Claudie Haigneré, vous êtes, cette année, la marraine de la TRANSAT CAFÉ L’OR Le Havre Normandie. Pourquoi avoir rejoint cette aventure ?
Claudie Haigneré : Vous savez, je suis née en Bourgogne, j’ai plutôt les pieds sur terre qu'en mer. Cependant, j’ai eu la chance d’assister à des départs de course au large, et à chaque fois, l’excitation procurée par ces moments intenses était partagée par tous ceux qui restent à quai, solidaires de cette aventure magnifique.
Ce qui m’a d’abord plu dans la TRANSAT CAFÉ L’OR, ce sont ces navigateurs, explorateurs des limites, qui les repoussent et les dépassent. C’est une histoire individuelle ou en équipage dans une alchimie collective, proche de notre préparation d’astronaute. Ensuite, nous partageons cette prise de conscience de notre connexion à un environnement qui nous dépasse, magnifique, fragile, parfois hostile, la nature, la planète et ses océans, l’espace. Et le troisième aspect qui m’a convaincue, c’est le village qui va accueillir la course. Pendant une semaine, les activités éducatives, les rencontres et les conférences, qui se tiendront au Havre, vont permettre de donner envie de comprendre, de se questionner et de stimuler notre capacité de curiosité et d’émerveillement pour vivre pleinement la TRANSAT CAFÉ L’OR.
Vous l’avez dit, avec l’organisation de la TRANSAT CAFÉ L’OR, vous avez toutes les deux un attachement commun pour la planète. A-t-on une vision différente sur notre environnement et nos écosystèmes depuis l'espace ?
CL : Le regard depuis l’orbite sur la terre (que ce soit celui des satellites ou l’œil de l’astronaute) pourrait se comparer à celui d’un ange gardien sensible et vigilant. On admire sa beauté mais aussi sa fragilité, sa vulnérabilité à travers le hublot : la si mince couche protectrice de l’atmosphère permettant la vie, les tempêtes de sable, les cyclones, les éruptions volcaniques, les méga-feux. Certes, on fait le tour de la planète en 90 min, parce qu'on est à 28 000 km/h, donc on va un petit peu plus vite que les marins. Mais on a le temps de penser que notre Terre est comme un vaisseau spatial qui transporte notre humanité, dans son voyage dans le système solaire.

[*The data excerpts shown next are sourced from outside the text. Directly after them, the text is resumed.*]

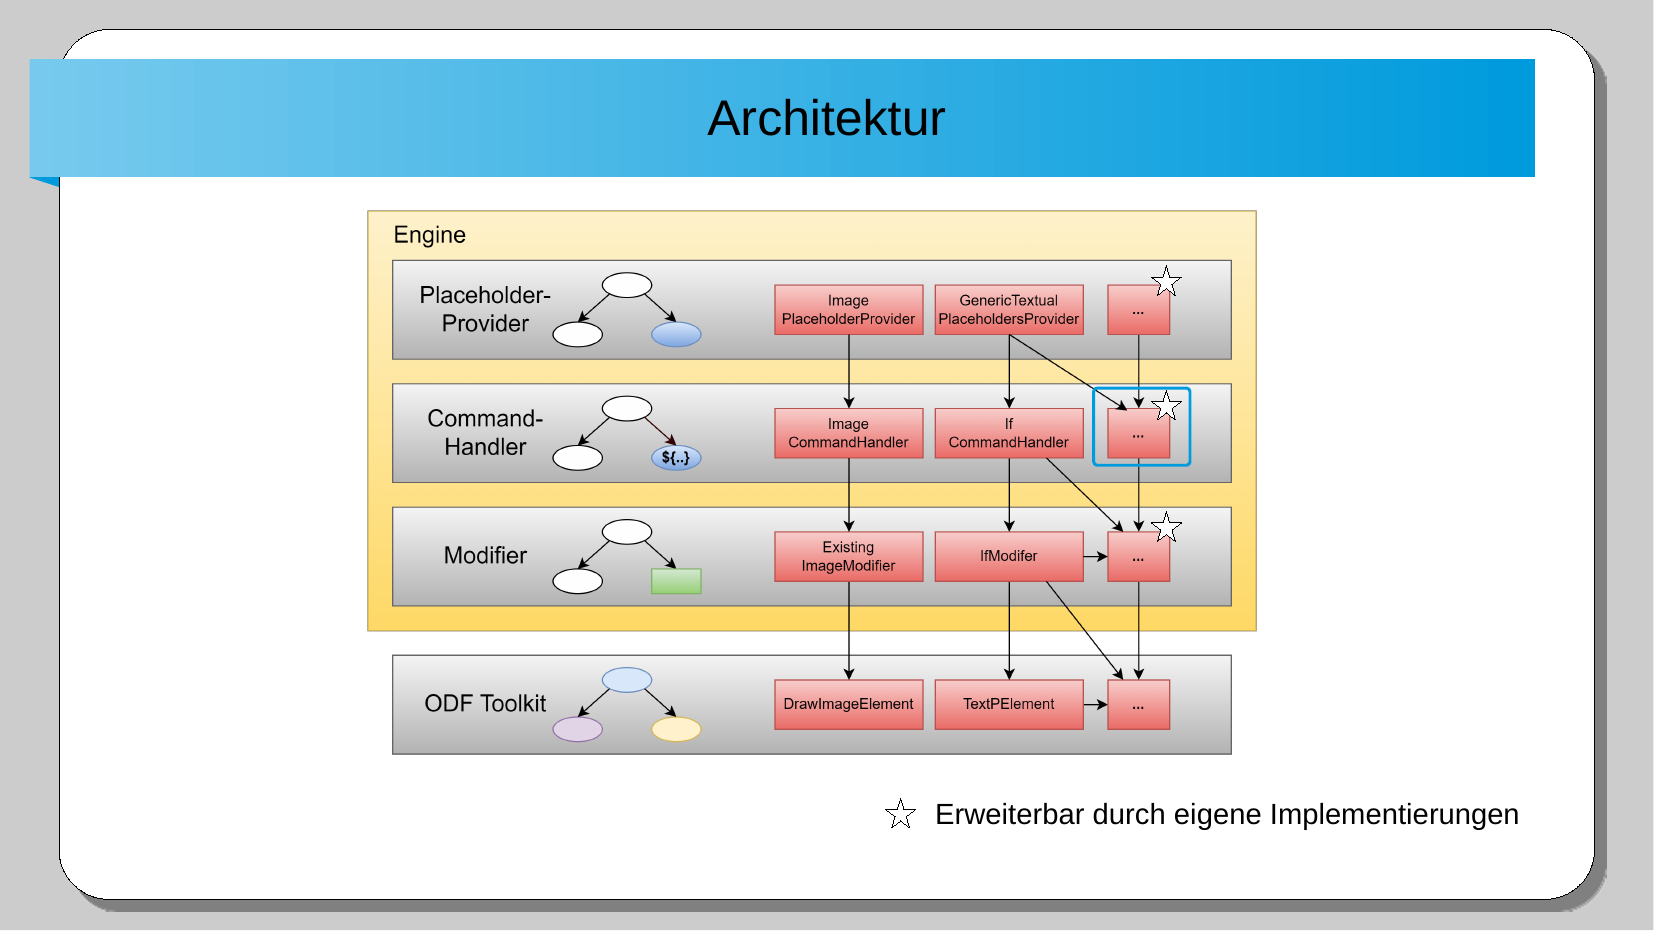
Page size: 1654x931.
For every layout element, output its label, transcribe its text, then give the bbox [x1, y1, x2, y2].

text_box Erweiterbar durch eigene Implementierungen [920, 790, 1536, 839]
text_box [885, 798, 916, 828]
title Architektur [118, 59, 1536, 178]
text_box [1151, 265, 1182, 296]
picture [355, 198, 1270, 768]
text_box [1151, 390, 1182, 420]
text_box [1151, 511, 1182, 542]

On prend conscience de la finitude de la planète et de notre responsabilité en tant qu'équipage de ce vaisseau, de la préserver.
Nous avons une magnifique planète : la Terre, j’en étais déjà consciente au sol et encore plus convaincue en orbite. Le propos n'est pas de quitter A pour aller chercher une planète B où s’installer. Nous ne sommes pas là pour renoncer et fuir, mais pour préserver ce bien commun de notre humanité et comprendre notre chance exceptionnelle d’y séjourner.
Je suis heureuse de voir que pour la TRANSAT CAFÉ L’OR, cette thématique de responsabilité environnementale est mise en avant. C'est important que la prise de conscience de notre responsabilité ne se fasse pas obligatoirement par des règlements ou des discours politiques, mais qu’elle puisse être aussi une expérience sensible pour chacun. Quand on en parle depuis l'espace, quand on en parle depuis la mer, quand on en parle en témoignant de l'aventure humaine, avec nos émotions, notre regard, nos mots, je trouve que nous avons un impact bien plus important.